(Record excerpts)

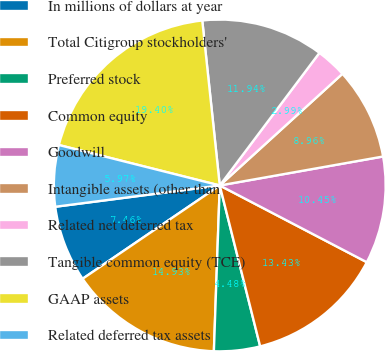Convert chart to OTSL. <chart><loc_0><loc_0><loc_500><loc_500><pie_chart><fcel>In millions of dollars at year<fcel>Total Citigroup stockholders'<fcel>Preferred stock<fcel>Common equity<fcel>Goodwill<fcel>Intangible assets (other than<fcel>Related net deferred tax<fcel>Tangible common equity (TCE)<fcel>GAAP assets<fcel>Related deferred tax assets<nl><fcel>7.46%<fcel>14.93%<fcel>4.48%<fcel>13.43%<fcel>10.45%<fcel>8.96%<fcel>2.99%<fcel>11.94%<fcel>19.4%<fcel>5.97%<nl></chart> 
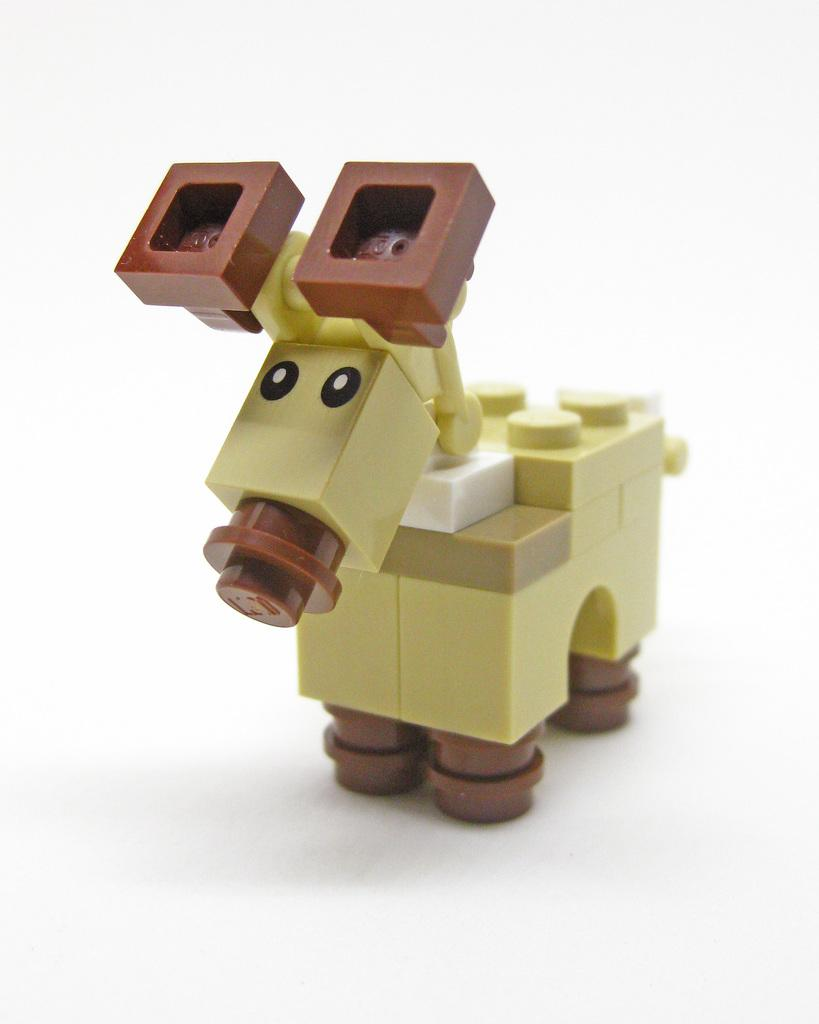What is the main object in the image? There is a toy in the image. What type of toy is it? The toy has blocks. What is the color of the surface the toy and blocks are on? The toy and blocks are on a white surface. What type of face can be seen on the toy in the image? There is no face present on the toy in the image. What team is associated with the toy in the image? There is no team associated with the toy in the image. 
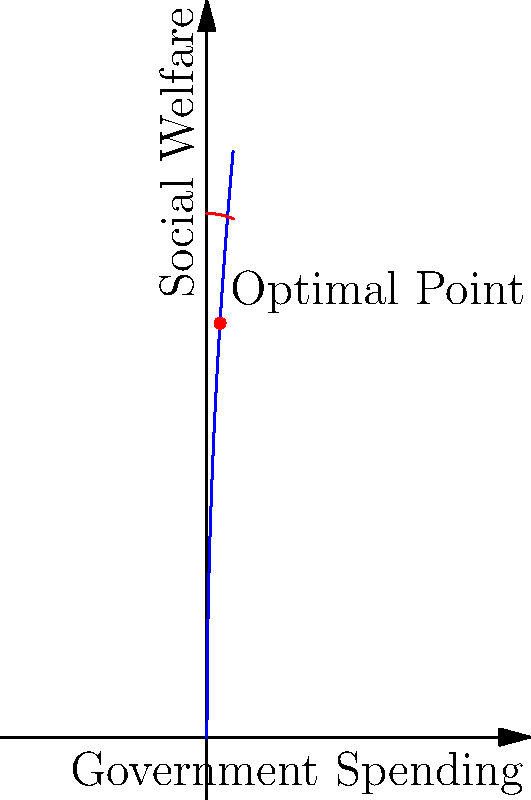As a campaign manager, you're tasked with optimizing social welfare given budget constraints. The social welfare function is given by $W(x) = 100\sqrt{x}$, where $x$ is government spending in billions of dollars. The budget constraint is represented by $B(x) = 400 - \frac{x^2}{100}$. Find the optimal level of government spending that maximizes social welfare while satisfying the budget constraint. To find the optimal point, we need to follow these steps:

1) The optimal point occurs where the social welfare function intersects the budget constraint. At this point, $W(x) = B(x)$.

2) Set up the equation:
   $100\sqrt{x} = 400 - \frac{x^2}{100}$

3) Square both sides:
   $10000x = 160000 - 800x + \frac{x^4}{10000}$

4) Rearrange:
   $\frac{x^4}{10000} + 10800x - 160000 = 0$

5) This is a 4th degree polynomial equation. It's difficult to solve analytically, but we can solve it numerically or graphically.

6) The solution is approximately $x = 10$ billion dollars.

7) We can verify this by plugging it back into both equations:
   $W(10) = 100\sqrt{10} \approx 316.23$
   $B(10) = 400 - \frac{10^2}{100} = 400 - 1 = 399$

8) This shows that at $x = 10$, the social welfare function value is slightly below the budget constraint, which is the optimal point.

Therefore, the optimal government spending is approximately 10 billion dollars, which maximizes social welfare while staying within the budget constraint.
Answer: $10 billion 
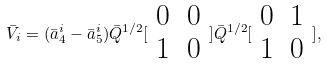Convert formula to latex. <formula><loc_0><loc_0><loc_500><loc_500>\bar { V } _ { i } = ( \bar { a } _ { 4 } ^ { i } - \bar { a } _ { 5 } ^ { i } ) \bar { Q } ^ { 1 / 2 } [ \begin{array} { c c } 0 & 0 \\ 1 & 0 \end{array} ] \bar { Q } ^ { 1 / 2 } [ \begin{array} { c c } 0 & 1 \\ 1 & 0 \end{array} ] ,</formula> 
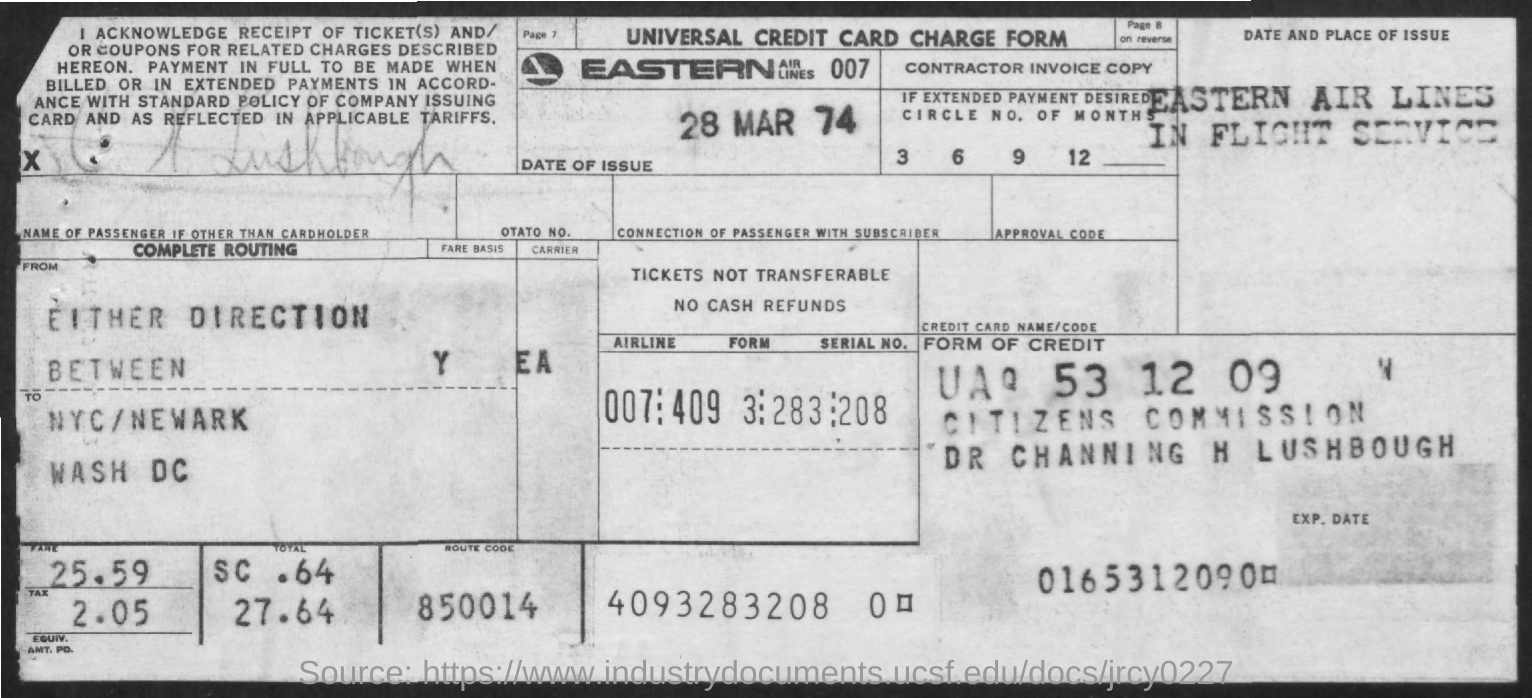Outline some significant characteristics in this image. The tax amount is 2.05. The fare is 25.59. The name of the airline is Eastern Airlines. The route code is 850014. The date of the issue is March 28, 1974. 
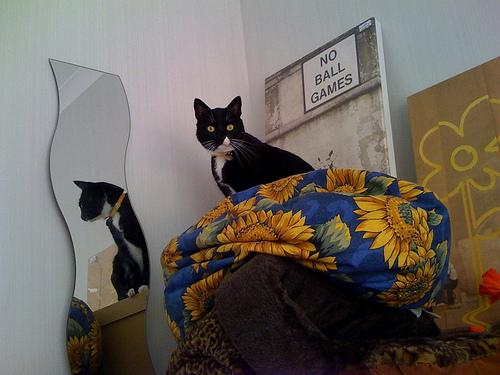Write a brief, poetic description of the main subject of the image and its immediate surroundings. A black and white feline muse, with eyes of gold upon a blanket's floral hues, mirrored, still and self-reflected. Write a concise but detailed summary of the primary object in the image and its immediate surroundings. The image features a black and white cat with yellow eyes situated on a blue and yellow floral blanket, accompanied by a mirror reflecting the scene. State the main subject of the image, and give a brief explanation of the area surrounding it. The image shows a black and white cat sitting on a flowery blanket, with a mirror reflecting the cat and blanket nearby. Use a playful tone to briefly describe the focal point of the image and its most distinct characteristic. A curious black and white kitty with striking yellow eyes sits on a pretty flowery blanket, ready to play! Provide a concise summary of the main object in the image and the noteworthy item it's interacting with. A black and white cat sits on a blanket with a blue and yellow sunflower design, its reflection visible in a mirror. Provide a brief description of the primary object in the picture and its most noticeable feature. Black and white cat with yellow eyes sitting on a blue and yellow floral blanket. Using a creative approach, write a brief description of the main subject in the image and its environment. A canvas of fur and flowers unfolds, as a black and white feline with eyes like burning embers lounges upon a vibrant blanket, only to meet its reflection in the mirror. Describe the central subject in the image and the surrounding objects, using formal language. In the photograph, a black and white feline specimen with yellow eyes occupies a floral-patterned blanket, adjacent to a reflective mirror displaying its likeness. Use casual language to briefly describe the main subject of the image and its environment. This cute black and white cat with yellow eyes is just chillin' on a flowery blanket, and you can even see it in the mirror next to it! Write a minimalist description of the main subject in the image and its distinguishing feature. Cat, black and white, yellow eyes. 
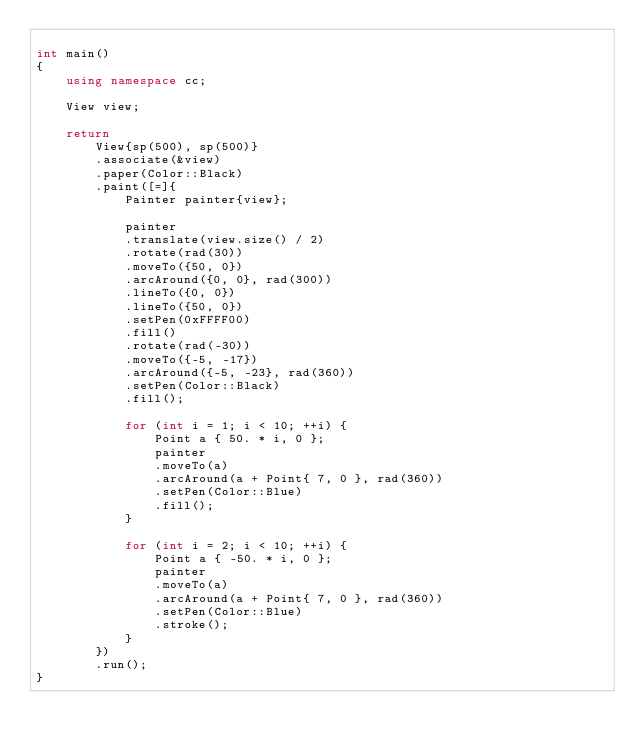<code> <loc_0><loc_0><loc_500><loc_500><_C++_>
int main()
{
    using namespace cc;

    View view;

    return
        View{sp(500), sp(500)}
        .associate(&view)
        .paper(Color::Black)
        .paint([=]{
            Painter painter{view};

            painter
            .translate(view.size() / 2)
            .rotate(rad(30))
            .moveTo({50, 0})
            .arcAround({0, 0}, rad(300))
            .lineTo({0, 0})
            .lineTo({50, 0})
            .setPen(0xFFFF00)
            .fill()
            .rotate(rad(-30))
            .moveTo({-5, -17})
            .arcAround({-5, -23}, rad(360))
            .setPen(Color::Black)
            .fill();

            for (int i = 1; i < 10; ++i) {
                Point a { 50. * i, 0 };
                painter
                .moveTo(a)
                .arcAround(a + Point{ 7, 0 }, rad(360))
                .setPen(Color::Blue)
                .fill();
            }

            for (int i = 2; i < 10; ++i) {
                Point a { -50. * i, 0 };
                painter
                .moveTo(a)
                .arcAround(a + Point{ 7, 0 }, rad(360))
                .setPen(Color::Blue)
                .stroke();
            }
        })
        .run();
}
</code>

(End Record excerpts)

- How to complete this task
Apply a filter to the listing above so that only lines with "which" are kept, and copy those lines.

- Solution
8) This shows that at $x = 10$, the social welfare function value is slightly below the budget constraint, which is the optimal point.
Therefore, the optimal government spending is approximately 10 billion dollars, which maximizes social welfare while staying within the budget constraint.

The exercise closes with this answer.